Small Business Bankruptcies Under Subchapter V
A new provision of the Bankruptcy Code covering small businesses took effect in February 2020. Referred to as "Subchapter V," it provides a streamlined process for reorganization of businesses under a certain debt threshold. This article focuses on issues revealed in case law since the law took effect.
January 19, 2021 at 11:30 AM
8 minute read
A new provision of the Bankruptcy Code covering small businesses took effect in February 2020. Referred to as "Subchapter V," it provides a streamlined process for reorganization of businesses under a certain debt threshold. 11 U.S.C. §§1181-1191. As part of the CARES Act response to the coronavirus passed in March, Congress amended Subchapter V through March 2021 only, to raise the initial debt threshold of $2,725,625 to $7.5 million.
Within 90 days of a bankruptcy filing, Subchapter V debtors must file a plan providing for payments to creditors over a three to five-year period. The payments must equal the debtor's "disposable income," defined below. 11 U.S.C. §1191(d). Subchapter V eases or eliminates some of the critical hurdles faced by Chapter 11 debtors in confirming a plan.
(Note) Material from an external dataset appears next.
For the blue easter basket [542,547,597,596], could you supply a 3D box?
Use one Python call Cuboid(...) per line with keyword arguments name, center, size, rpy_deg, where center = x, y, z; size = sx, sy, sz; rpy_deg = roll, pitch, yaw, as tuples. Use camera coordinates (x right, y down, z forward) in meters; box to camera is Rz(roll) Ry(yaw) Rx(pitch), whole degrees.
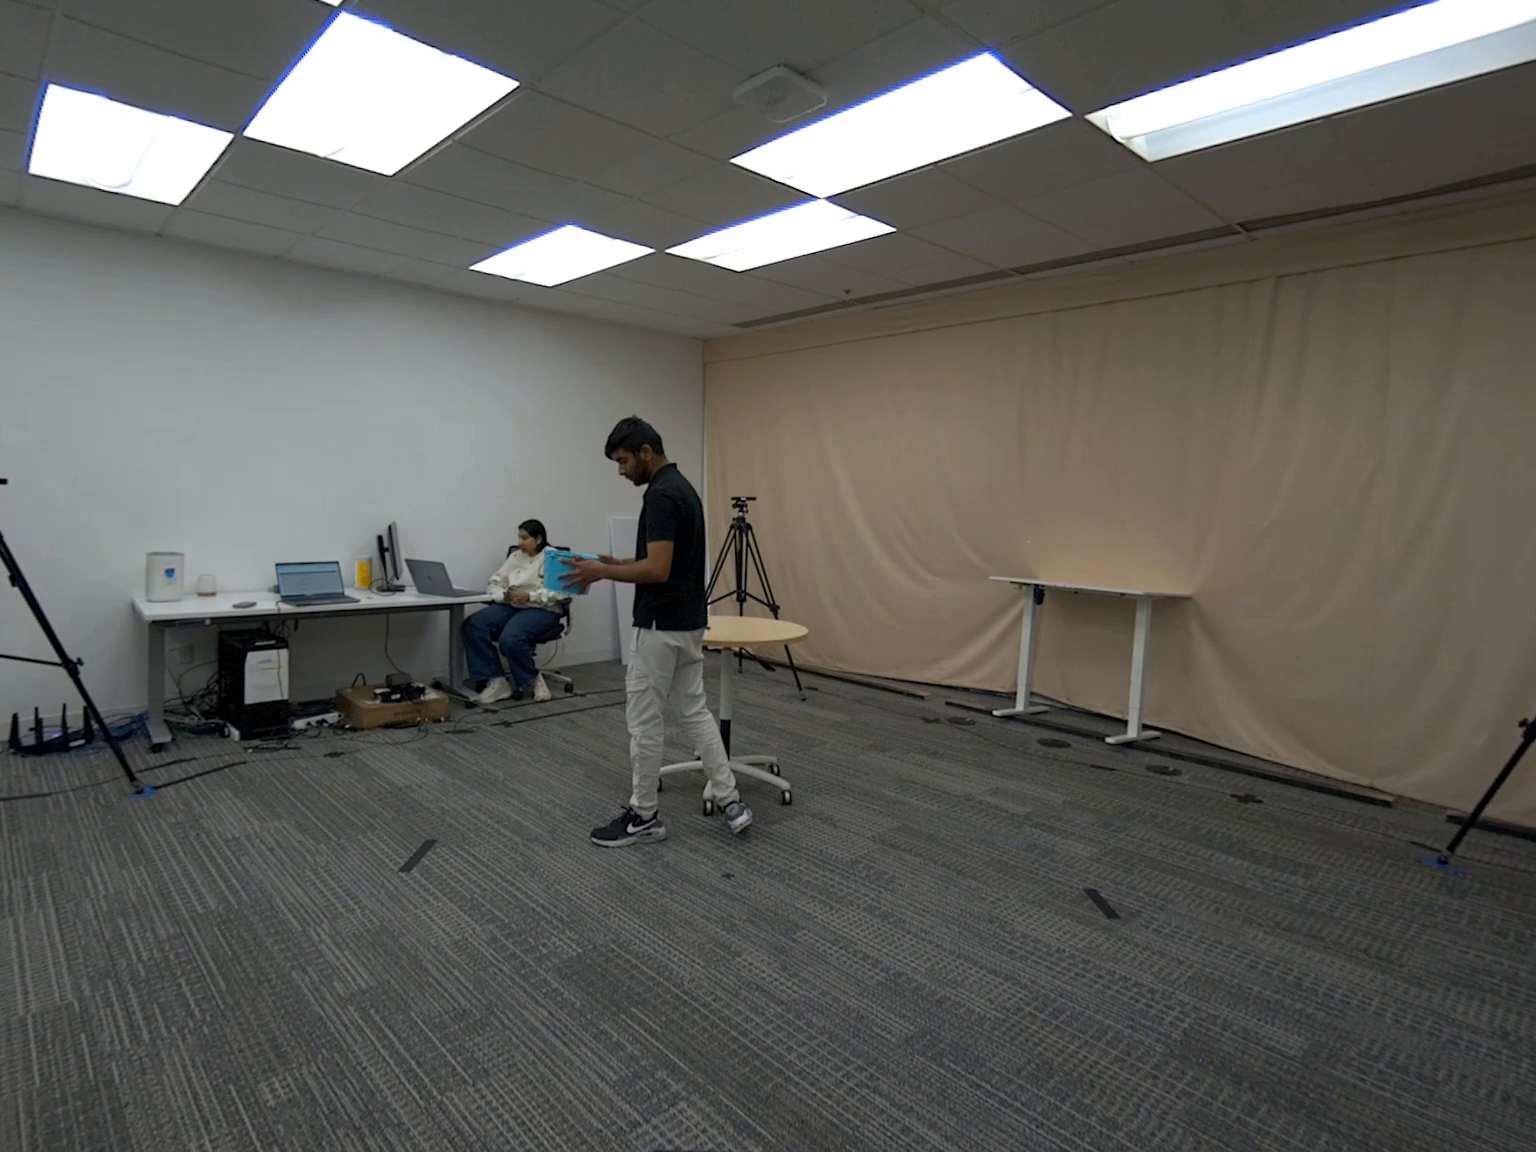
Cuboid(name="blue easter basket", center=(-0.802, -0.015, 3.409), size=(0.243, 0.155, 0.244), rpy_deg=(8, 4, -2))

Under Subchapter V, normally no disclosure statement is required, no official creditors' committee is formed, administrative expenses may be paid after a plan is confirmed, the debtor has an unlimited exclusive right to file a plan, and a vote of creditors is not required to confirm a plan. Also, unlike under Chapter 11, debtors may retain equity in their business without the consent of creditors even if creditors are not paid in full. This article focuses on issues revealed in case law since the law took effect.
|Eligibility
In re Serendipity Labs, 2020 Bankr. LEXIS 3164 (Bankr. N.D. Ga. Oct. 19, 2020) determined a debtor was ineligible for Subchapter V because it was an "affiliate" of an "issuer" under Bankruptcy Code §1182(1)(B)(iii). An "affiliate," under the Code, includes an "entity that directly or indirectly owns, controls, or holds with power to vote, 20 percent or more of the outstanding voting securities of the debtor." 11 U.S.C. §101(2)(A). In this case, Steelcase, a public company (by definition, an "issuer" under the Securities Act), owns 27% of debtor Serendipity's voting securities, rendering the debtor ineligible for Subchapter V treatment. The debtor argued the relevant percentage was 6.51%—the percentage of Steelcase's shares authorized to vote on debtor's bankruptcy. The court rejected this, holding under the plain meaning of the statute, "An entity that owns 20% or more of the voting securities of a chapter 11 debtor is an affiliate of the debtor, whether or not it has the power to vote those securities" (quoting In re Interlink Home Health Care, 283 B.R. 429, 439 (Bankr. N.D. Tex. 2002)).